Demotes-Mainard F, Vinçon G, Bouchet J L, Jarry C, Albin H
Ann Biol Clin (Paris). 1984;42(4):301-5.
The authors propose an assay technique for cefotaxime and desacetylcefotaxime in the plasma and urine, using high performance liquid chromatography. The proteins are precipitated by adding propanol-2 to 100 microliter of plasma or urine. After centrifugation, the supernatant is extracted by a mixture of chloroform and isoamyl alcohol. The cephalosporins remain in the superior aqueous phase and a fraction of this phase is injected into the chromatograph. The cefotaxime, desacetylcefotaxime and cephaloridine (internal standard) are separated on a Radial Pak C 18 column by ion-binding chromatography. The mobile phase consists of a mixture of distilled water and acetonitrile (830/170, V/V) with the addition of an ampoule of Pic A (tetrabutylammonium phosphate). This rapid, specific and sensitive micro-method can be used for the assay of these antibiotics in adults and children, for therapeutic monitoring and for pharmacokinetic studies.

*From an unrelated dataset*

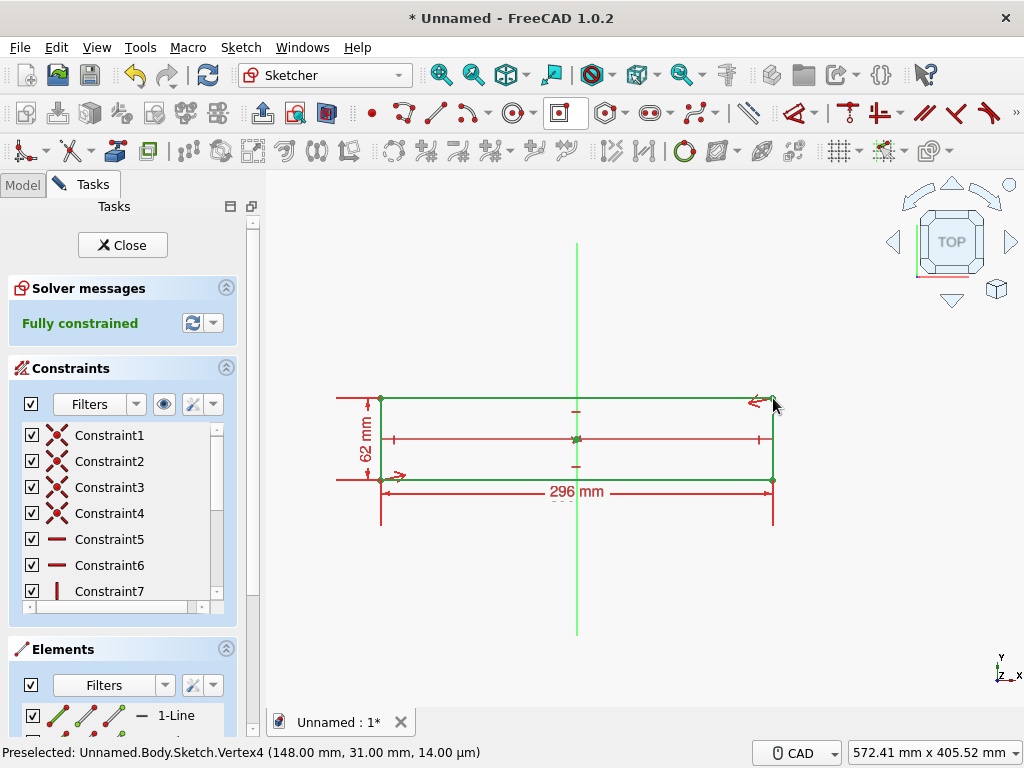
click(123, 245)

作者提出了一种利用高效液相色谱法测定血浆和尿液中头孢噻肟和去乙酰头孢噻肟的检测技术。向100微升血浆或尿液中加入异丙醇使蛋白质沉淀。离心后,上清液用氯仿和异戊醇的混合物萃取。头孢菌素保留在上层水相中,取该相的一部分注入色谱仪。头孢噻肟、去乙酰头孢噻肟和头孢啶(内标)通过离子结合色谱法在Radial Pak C 18柱上分离。流动相由蒸馏水和乙腈(830/170,V/V)的混合物组成,并添加一支Pic A(磷酸四丁铵)。这种快速、特异且灵敏的微量方法可用于成人和儿童这些抗生素的测定、治疗监测及药代动力学研究。